GPU Temperature Model
Problem
Given sequential data across several hours containing information about the computational load of a given computer server, predict the GPU temperature of the server at every second in the sequence.
Data Collection
To understand real-world usage, we analyzed the resource demands and arriving time intervals between task requests of a real datacenter (DC) Analysis of real-world data center workload traces indicated that tasks execution time and requested resources varied
- We simulated GPU usage under a diverse set of tasks with random task arriving time within specified ranges to mimic traffic patterns.
- We run a series of GPU-intensive benchmarks with various use cases including machine learning, image processing, financial modeling, etc.
- A service was launched to track the CPU, GPU, RAM, and disk utilization and temperature.

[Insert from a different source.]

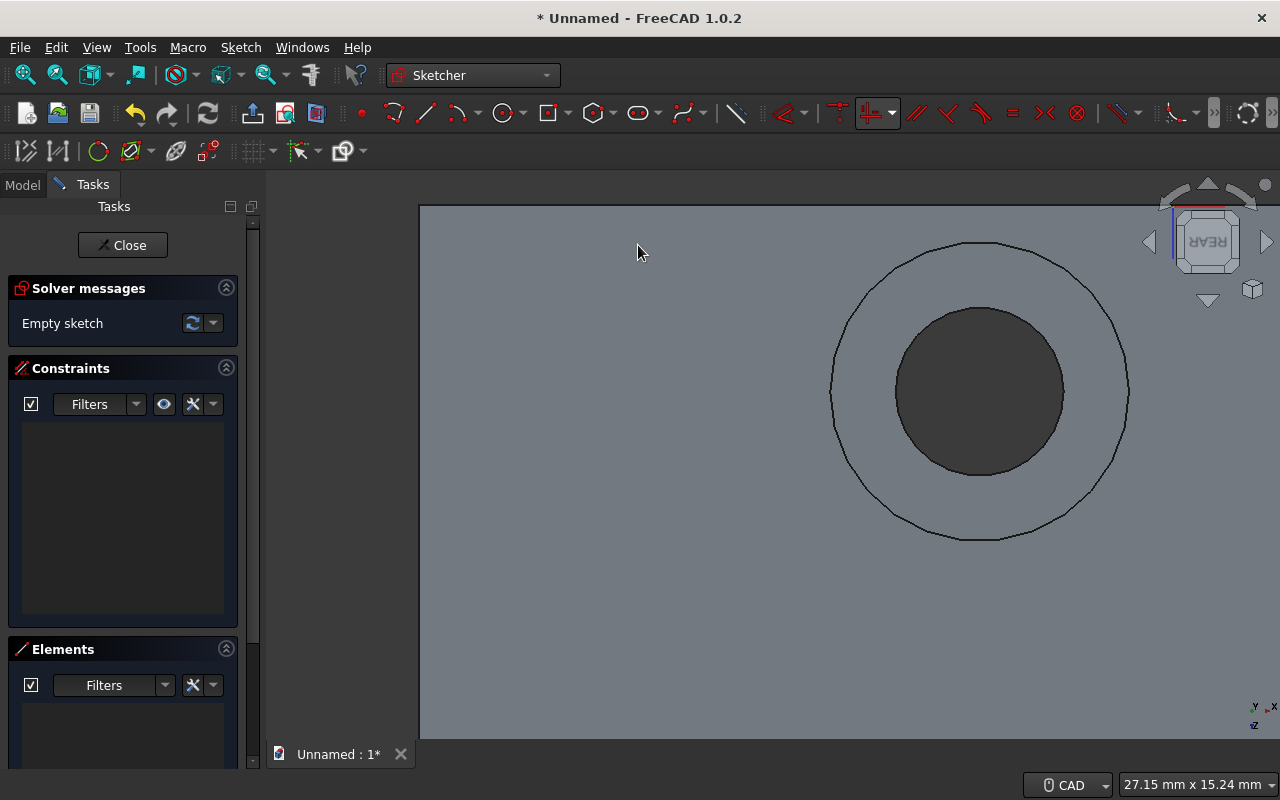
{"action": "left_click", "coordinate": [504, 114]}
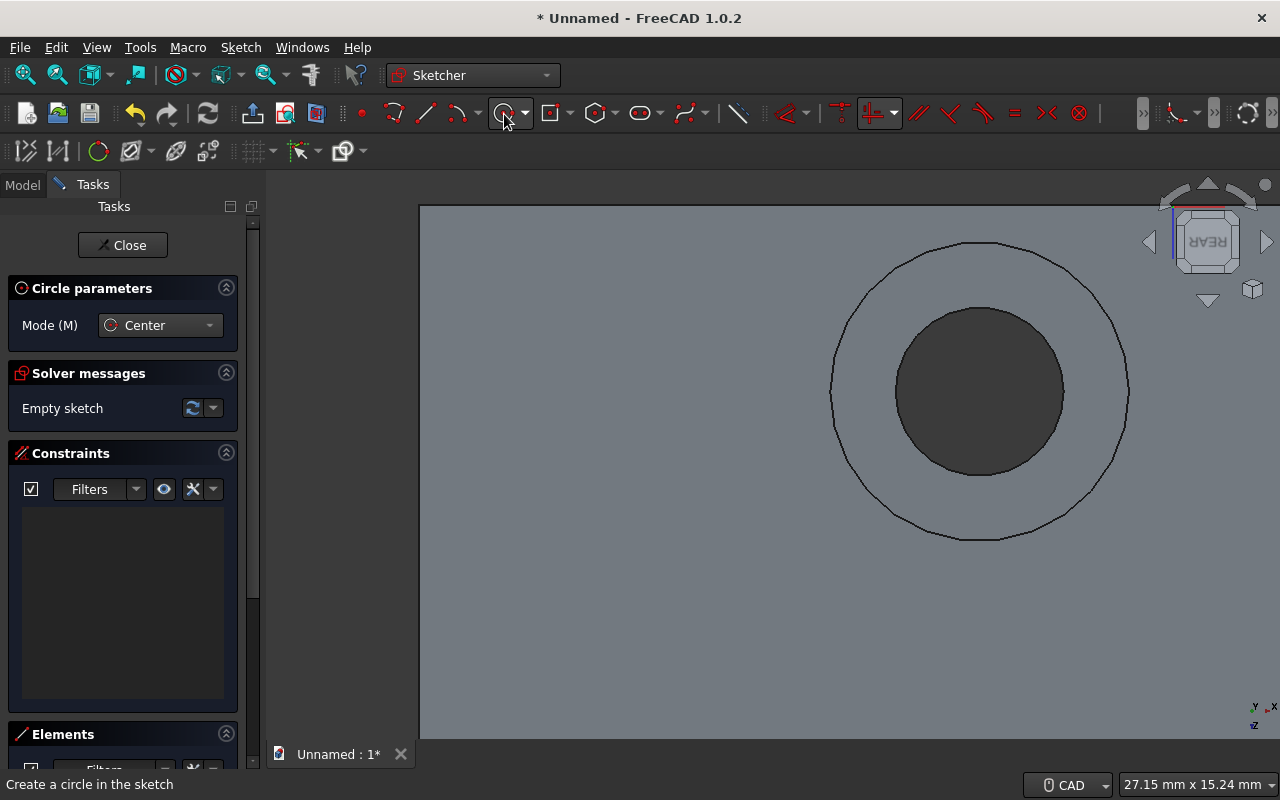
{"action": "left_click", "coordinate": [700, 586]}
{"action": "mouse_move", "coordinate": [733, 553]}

- Our premise in data collection was to capture the full spectrum of GPU behavior under different task arriving intervals.


Figure 2. Hypothetical behaviour of GPU temperature. Figure 3. Recursive Multi-step Forecasting Process[3].
Recursive multi-step forecasting
- The sequential nature of the data means that temperatures are closely related to adjacent values.
- Our models leverage either a lagged input or sliding window approach to capture these temporal dependencies.
- The window-based models used all data from the n previous time steps for an input shape of nxm, with n being window size and m being # of features.
- Tested 6 model architectures: Long Short-Term Memory (LSTM), XGBoost, CatBoost, LightGBM Transformer, and a hybrid CNN-LSTM model.
Scheduled Sampling
An issue that came up was accuracy for time series forecasting:
- Teacher forcing: In training, models accessed the real temperature from previous time steps, causing an overreliance on lagged features. In prediction, models only accessed the generated temperature of previous time steps, leading to compounding error.
- Scheduled Sampling (SS): Gradually transition from using the correct output (target sequence) as inputs to using the model's own predictions. This method made the model more robust to mistakes during inference, as it learned to rely on lag features less.
- With scheduled sampling, we reduced RMSE by over 50% across all models
Through the testing of new model architectures, scheduled sampling training, and extensive hyperparameter tuning, we reduced the RMSE from the existing temperature model by an estimated 90%.


Figure 4. Actual vs. Simulated temperature by an initial model. Figure 5. Actual vs Simulated temperature by scheduled sampling-trained hybrid model.